Biomechanical instability following degenerative changes in the lumbar spine may manifest as chronic low back pain (CLBP) [1]. In clinical praxis, radiographical assessment of bending motions of the lumbar spine is important as it may help in identifying the presence or absence of biomechanical instability in patients suffering from CLBP and help guide the course of clinical treatment.

However, the relationship between biomechanical instability and degree of degenerative changes in the lumbar spine in CLBP patients is controversial [1]. Some studies have reported that biomechanical instability tends to increase during early stages of degeneration, and stabilisation of motion segments occurs spontaneously in the advanced stages [2, 3]. Others have reported a monotonous increase in biomechanical stability with increasing disc degeneration in flexion/extension and lateral bending motions, but not in axial rotation [4, 5]. These contradictory findings could partly be attributed to the lack of consensus in defining and measuring degeneration and lumbar spinal instability [6]. Even with measuring angulatory motions on conventional flexion–extension radiographs of asymptomatic and symptomatic subjects, a large range of values exists for different lumbar levels, making it difficult to precisely define the norms of angulatory motion [7, 8]. Furthermore, pooling different lumbar levels together when there are apparent anatomical and functional differences between them could be an important reason behind the variation in results reported in previous studies.

Using 2D lateral static or dynamic radiographs, in vivo kinematics of lumbar spine in asymptomatic and symptomatic subjects have been studied in physiological bending conditions [8,9,10,11,12,13,14,15,16]. Pearcey et al. examined flexion (Fx) and extension (Ex) motions at different lumbar levels in 11 asymptomatic males and found more movement in Fx than in Ex at all lumbar levels except for the L5–S1 joint which showed no consistent pattern [8]. In a study of 14 healthy participants, Aiyangar et al. evaluated intervertebral contributions to L2–S1 extension during a dynamic lifting task [13]. The authors concluded that the contributions of middle segments (L3–L4 and L4–L5) were greater compared with the segments at cephalic and caudal ends, with the L4–L5 segment being the largest contributor throughout the range of motion [13]. Using cineradiographic techniques, Kanayama et al. analysed lower lumbar (L3–S1) segmental motions in eight healthy male volunteers during Fx and Ex motions and observed that Fx motion initiated at the L3–L4 segment and proceeded to lower lumbar segments after a phase lag, while the Ex motion occurred predominantly at the L5–S1 segment [9].

Segmental contribution to the overall lumbar motion is altered due to degenerative changes in the lumbar spine. Pearcey et al. examined Fx and Ex motions at different lumbar levels in CLBP patients with and without nerve tension signs and compared them with a normal control group [17]. The authors found that in Fx, patients with nerve tension signs were restricted at all lumbar level, while those without it were only restricted at lower lumbar levels [17]. In a study of 10 symptomatic subjects with discogenic pain due to L4–L5 and L5–S1 disc degeneration, hypermobility was reported at the L3–L4 and hypomobility at the L5–S1 segments, when compared with a control group of asymptomatic subjects [12]. Bali and Kumar [10] in their prospective cohort study of symptomatic (n = 67) and asymptomatic (n = 52) Asian subjects found significant differences between symptomatic and asymptomatic cohorts in the upper (L1–L4) and lower (L4–S1) lumbar flexion–extension kinematics.

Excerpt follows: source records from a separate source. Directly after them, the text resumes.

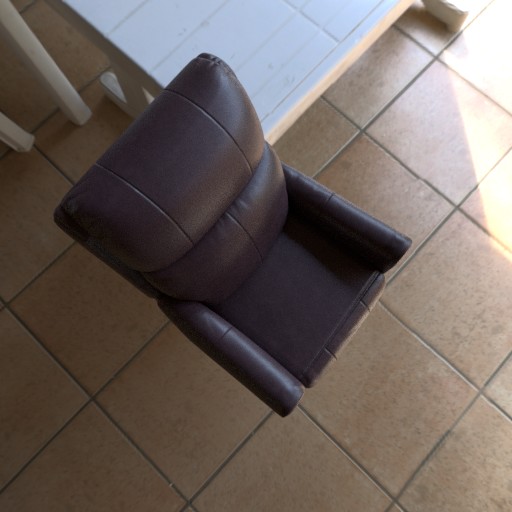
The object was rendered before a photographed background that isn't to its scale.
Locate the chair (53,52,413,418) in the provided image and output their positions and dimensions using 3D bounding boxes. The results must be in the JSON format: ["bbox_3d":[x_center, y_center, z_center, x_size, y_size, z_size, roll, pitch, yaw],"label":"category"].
[{"bbox_3d":[0.000,0.000,1.755,1.014,1.054,0.838,37,79,8],"label":"chair"}]
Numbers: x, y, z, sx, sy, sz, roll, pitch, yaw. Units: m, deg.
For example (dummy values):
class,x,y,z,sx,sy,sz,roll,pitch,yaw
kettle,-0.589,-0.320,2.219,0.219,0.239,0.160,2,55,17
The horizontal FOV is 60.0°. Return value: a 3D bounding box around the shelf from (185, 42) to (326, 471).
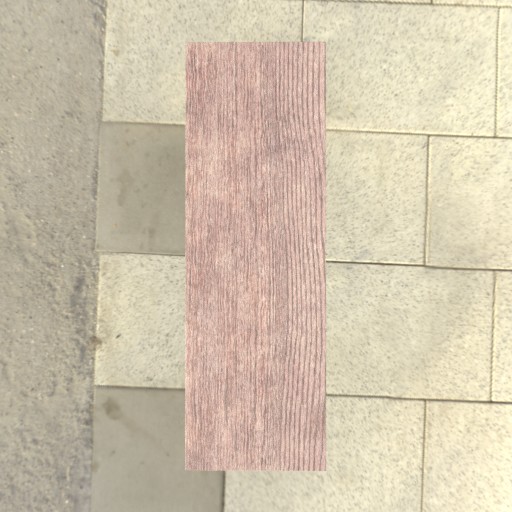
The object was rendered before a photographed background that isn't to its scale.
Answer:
class,x,y,z,sx,sy,sz,roll,pitch,yaw
shelf,0.000,0.000,0.692,0.200,0.125,0.610,0,90,1
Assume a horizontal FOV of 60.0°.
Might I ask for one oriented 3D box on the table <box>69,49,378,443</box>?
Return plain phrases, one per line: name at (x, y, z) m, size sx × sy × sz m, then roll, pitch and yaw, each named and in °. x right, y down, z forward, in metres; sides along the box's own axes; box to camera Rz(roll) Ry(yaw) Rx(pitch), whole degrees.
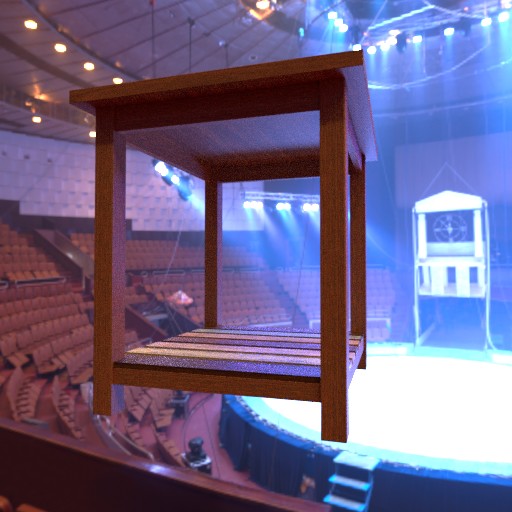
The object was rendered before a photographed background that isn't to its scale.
table at (0.000, 0.000, 1.090) m, size 0.559 × 0.635 × 0.660 m, roll 0°, pitch -1°, yaw 17°
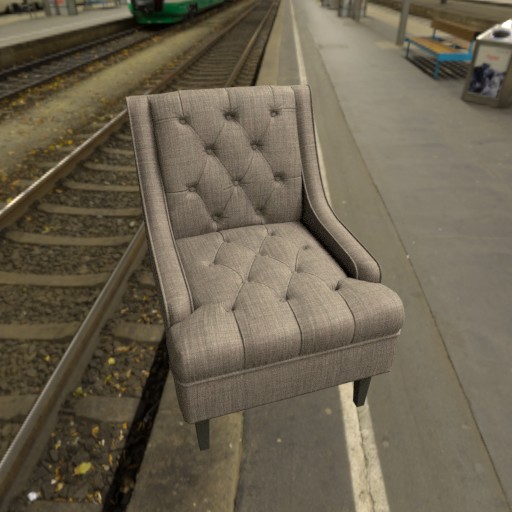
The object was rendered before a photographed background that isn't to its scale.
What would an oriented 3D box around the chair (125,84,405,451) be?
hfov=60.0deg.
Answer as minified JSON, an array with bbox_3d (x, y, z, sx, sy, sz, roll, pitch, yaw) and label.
[{"bbox_3d":[0.000,0.000,1.411,0.655,0.891,0.771,-10,33,-15],"label":"chair"}]
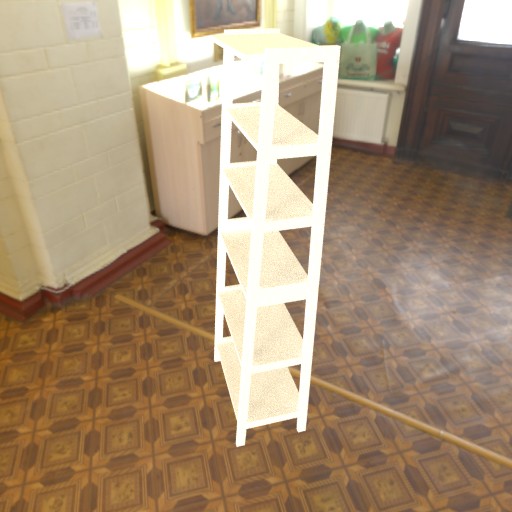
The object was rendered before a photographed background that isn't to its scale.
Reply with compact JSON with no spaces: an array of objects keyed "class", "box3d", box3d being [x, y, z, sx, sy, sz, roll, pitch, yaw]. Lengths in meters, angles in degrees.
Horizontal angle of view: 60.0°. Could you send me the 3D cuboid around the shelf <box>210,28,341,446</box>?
[{"class":"shelf","box3d":[0.000,0.000,2.127,0.381,1.892,0.660,-8,33,-13]}]
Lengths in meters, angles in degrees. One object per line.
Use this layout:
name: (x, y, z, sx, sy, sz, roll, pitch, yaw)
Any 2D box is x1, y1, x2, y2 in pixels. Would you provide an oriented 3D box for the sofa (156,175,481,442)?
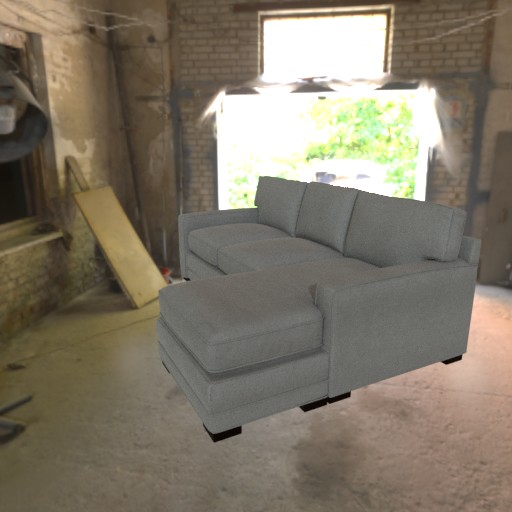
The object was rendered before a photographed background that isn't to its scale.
sofa: (0.000, 0.000, 2.849, 1.496, 0.861, 2.087, -8, 17, -27)
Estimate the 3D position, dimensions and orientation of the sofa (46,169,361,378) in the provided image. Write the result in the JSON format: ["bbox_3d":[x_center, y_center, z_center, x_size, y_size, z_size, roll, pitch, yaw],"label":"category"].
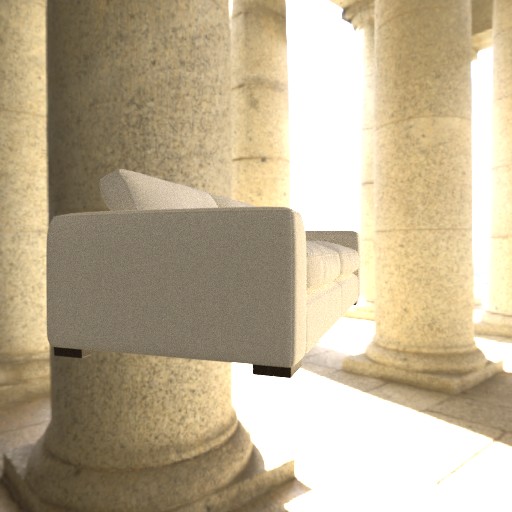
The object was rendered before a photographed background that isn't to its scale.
[{"bbox_3d":[0.000,0.000,2.688,1.070,0.801,2.262,0,1,19],"label":"sofa"}]
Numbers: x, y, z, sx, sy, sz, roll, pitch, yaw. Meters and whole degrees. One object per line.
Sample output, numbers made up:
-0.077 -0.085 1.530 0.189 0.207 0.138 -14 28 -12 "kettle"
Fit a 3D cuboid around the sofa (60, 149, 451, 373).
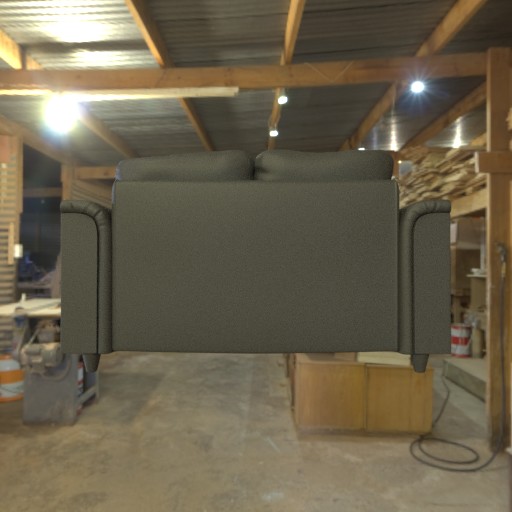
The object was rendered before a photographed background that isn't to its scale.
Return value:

Commonly occurring spine pathologies such as lumbar disc herniation and degenerative spondylolisthesis have their origins predominantly in the lower lumbar spine (L4–L5 and L5–S1) [18,19,20]. Of the lower lumbar levels, the L5–S1 level is unique because of the presence of iliolumbar and lumbosacral ligaments, coronally oriented facets and laminae, wedge-shaped disc and its junctional location, and therefore necessitates separate attention. To the best of our knowledge, no study has compared segmental motion across all lumbar levels (between L1 and S1) in CLBP patients, accounting for disc degeneration and facet joint osteoarthritis. With this in mind, we conducted a retrospective study of CLBP patients to evaluate segmental kinematics (using dynamic flexion–extension radiographs) at all lumbar levels from L1–L2 through L5–S1 and also quantified disc degeneration and facet joint osteoarthritis [on T2-weighted magnetic resonance (MR) scans] at all of these levels. We hypothesised that in CLBP patients, the L5–S1 motion segment regardless of the progressive degeneration of the disc and facet joints demonstrates different motion patterns compared with the upper lumbar motion segments.

Materials and methods

With prior approval from University of New South Wales, Human Research Ethics Advisory Panel (NRR-HC 16825), a retrospective study of CLBP patients who presented at Spine Service clinics (St. George Private Hospital, Sydney) between January 2010 and January 2013 was conducted. CLBP was defined as pain existing in the lower back for the duration of 12 weeks or more.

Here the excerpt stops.